The Warsan
Analysis

Who’s afraid of the WHO?

China pulls WHO’s strings, India needs to be cautious and tough

Written by Chitra Subramaniam | Updated: April 16, 2020 9:11:23 am

File- In this February 24, 2020, file photo, Tedros Adhanom Ghebreyesus, Director General of the World Health Organization (WHO), addresses a press conference about the update on COVID-19 at the World Health Organization headquarters in Geneva, Switzerland. (AP)China is scripting the emerging economic story of coronavirus and knows the untold story of the COVID pandemic. As the World Health Organisation (WHO) finds itself in the eye of pandemic politics, power and pelf are competing with patients and poverty. The best that WHO’s Ethiopian head Tedros Adhanon Ghebreyesus can come up with as thousands are dying is to say leaders should not politicise the issue. It is an open secret that politics and arm twisting, not merit, got him his job.

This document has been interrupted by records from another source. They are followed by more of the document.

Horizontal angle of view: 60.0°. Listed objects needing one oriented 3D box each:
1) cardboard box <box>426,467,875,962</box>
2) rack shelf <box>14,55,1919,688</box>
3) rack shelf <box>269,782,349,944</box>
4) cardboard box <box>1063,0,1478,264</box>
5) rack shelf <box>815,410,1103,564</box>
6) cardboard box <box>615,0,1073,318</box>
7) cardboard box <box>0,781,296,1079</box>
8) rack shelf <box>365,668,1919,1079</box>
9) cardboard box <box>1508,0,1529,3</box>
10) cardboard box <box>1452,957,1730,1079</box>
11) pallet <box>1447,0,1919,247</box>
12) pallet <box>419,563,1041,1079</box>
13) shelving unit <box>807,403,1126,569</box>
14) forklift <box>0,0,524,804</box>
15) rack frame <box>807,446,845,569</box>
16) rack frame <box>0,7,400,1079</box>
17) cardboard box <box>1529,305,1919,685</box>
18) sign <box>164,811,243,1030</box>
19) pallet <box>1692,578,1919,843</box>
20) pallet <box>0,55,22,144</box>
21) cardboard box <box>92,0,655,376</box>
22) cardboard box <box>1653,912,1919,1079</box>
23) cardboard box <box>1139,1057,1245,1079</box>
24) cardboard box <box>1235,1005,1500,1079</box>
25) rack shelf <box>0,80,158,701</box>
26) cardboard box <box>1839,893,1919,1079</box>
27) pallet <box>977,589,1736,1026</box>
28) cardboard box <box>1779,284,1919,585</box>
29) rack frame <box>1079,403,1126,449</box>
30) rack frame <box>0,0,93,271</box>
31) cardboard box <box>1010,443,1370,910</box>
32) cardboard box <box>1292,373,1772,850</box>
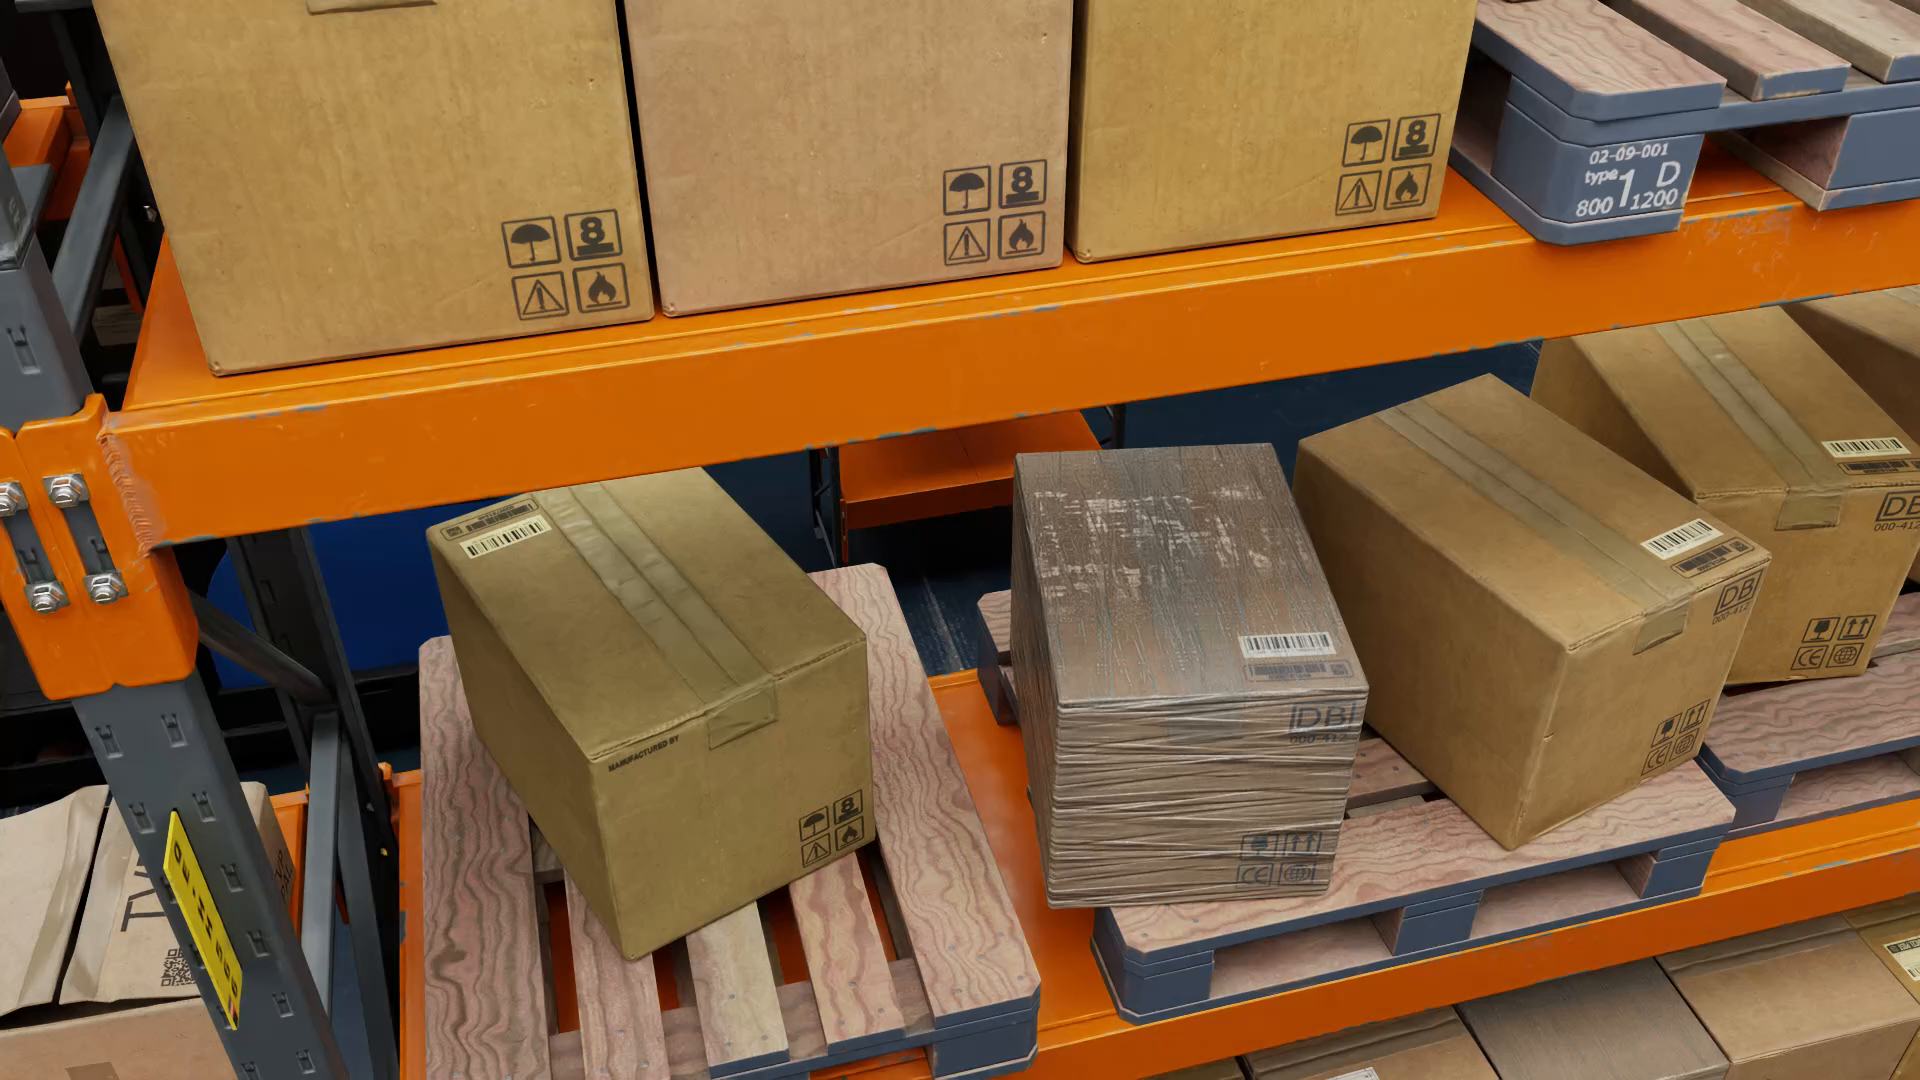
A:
[{"bbox_3d":[-0.555,0.264,3.008,0.500,0.500,0.700,-23,43,-27],"label":"cardboard box"},{"bbox_3d":[0.797,-0.586,2.671,4.000,0.370,1.077,-9,38,-12],"label":"rack shelf"},{"bbox_3d":[-3.065,1.239,2.754,4.000,0.370,1.077,-9,38,-12],"label":"rack shelf"},{"bbox_3d":[0.273,-0.847,2.337,0.500,0.500,0.910,-9,38,-12],"label":"cardboard box"},{"bbox_3d":[0.007,-0.254,6.058,1.000,0.278,0.538,-9,38,-12],"label":"rack shelf"},{"bbox_3d":[-0.229,-0.765,2.230,0.500,0.500,0.910,-9,38,-12],"label":"cardboard box"},{"bbox_3d":[-1.496,0.704,2.935,0.500,0.311,0.500,-7,38,-9],"label":"cardboard box"},{"bbox_3d":[0.797,0.605,3.582,4.000,0.370,1.077,-9,38,-12],"label":"rack shelf"},{"bbox_3d":[0.935,-1.186,2.352,0.600,0.600,0.600,-11,39,-14],"label":"cardboard box"},{"bbox_3d":[1.363,1.220,3.882,0.500,0.500,0.500,-9,38,-11],"label":"cardboard box"},{"bbox_3d":[1.080,-0.886,2.625,1.003,0.211,1.213,-9,38,-12],"label":"pallet"},{"bbox_3d":[-0.498,0.564,3.202,1.003,0.211,1.213,-9,38,-12],"label":"pallet"},{"bbox_3d":[0.007,-0.448,5.910,1.048,1.125,0.538,-9,38,-12],"label":"shelving unit"},{"bbox_3d":[-2.829,-0.695,4.747,3.031,2.935,1.130,-8,38,-10],"label":"forklift"},{"bbox_3d":[-0.484,-0.367,5.804,0.032,1.125,0.500,-9,38,-12],"label":"rack frame"},{"bbox_3d":[-1.134,0.636,2.949,0.127,3.000,1.000,-9,38,-12],"label":"rack frame"},{"bbox_3d":[1.565,-0.114,3.502,0.500,0.500,0.700,-4,38,-5],"label":"cardboard box"},{"bbox_3d":[-0.986,0.501,2.173,0.005,0.325,0.100,-9,38,-12],"label":"sign"},{"bbox_3d":[1.928,0.141,3.754,1.213,0.211,1.003,-9,38,-12],"label":"pallet"},{"bbox_3d":[-1.766,-0.320,1.886,1.003,0.211,1.213,-8,38,-10],"label":"pallet"},{"bbox_3d":[-0.721,-0.684,2.124,0.500,0.500,0.910,-9,38,-12],"label":"cardboard box"},{"bbox_3d":[1.847,1.140,3.986,0.500,0.500,0.500,-9,38,-12],"label":"cardboard box"},{"bbox_3d":[0.370,1.387,3.663,0.500,0.500,0.500,-10,38,-13],"label":"cardboard box"},{"bbox_3d":[0.872,1.301,3.775,0.500,0.500,0.500,-11,39,-13],"label":"cardboard box"},{"bbox_3d":[-3.065,0.047,1.843,4.000,0.370,1.077,-9,38,-12],"label":"rack shelf"},{"bbox_3d":[2.326,1.067,4.082,0.500,0.500,0.500,-10,38,-12],"label":"cardboard box"},{"bbox_3d":[0.742,0.402,3.414,1.213,0.211,1.003,-9,38,-12],"label":"pallet"},{"bbox_3d":[2.212,-0.260,3.693,0.500,0.500,0.700,-23,43,-27],"label":"cardboard box"},{"bbox_3d":[0.497,-0.528,6.015,0.032,1.125,0.500,-9,38,-12],"label":"rack frame"},{"bbox_3d":[-1.134,-1.747,1.127,0.127,3.000,1.000,-9,38,-12],"label":"rack frame"},{"bbox_3d":[0.378,0.231,3.051,0.500,0.500,0.700,-3,37,-3],"label":"cardboard box"},{"bbox_3d":[1.038,0.112,3.207,0.500,0.500,0.700,-19,41,-23],"label":"cardboard box"}]

Tedros was his country’s Minister of Health (2005—2012) and Minister of Foreign Affairs (2012 to 2016). In 2017, China catapulted him to lead the WHO as its Director General (DG) with India, the world’s largest democracy, playing second fiddle. We will never know who gamed India inside and abroad, but tough questions must be asked.

Between ordering 10,000 ventilators from China and firefighting a diplomatic war against Beijing’s ceaseless incursions into India’s territorial rights on land and at the United Nations (UN), the pandemic is a wake-up call for New Delhi.

Public health is a rights-driven developmental track for any country, especially for India. Shouldn’t the ministries of foreign, trade, information and broadcasting, home, finance, women and child development, law, infrastructure and industry, among others, be part of the country’s health equation and decision-making on a daily basis? Should the WHO be sitting in on high-level health ministry discussions given what we now know about its allegiance to all things Chinese?

China, an economic and military behemoth, now seeks the same power in public health. India, with its double burden of disease and an uncritical alignment with the WHO, is fertile ground for data and dollars. As it fights the Dharavi spread in Mumbai with rapid and mass testing — and the WHO watches closely — the battle will be won by India and India alone.

For now, India, like most countries, is at China’s mercy thanks in large part to years of short-sightedness and corruption in the health sector. While it is hailed as the pharmacy of the world and has sent drugs as humanitarian assistance, India relies heavily on raw materials from China. Quick thinking and swift action can reverse this.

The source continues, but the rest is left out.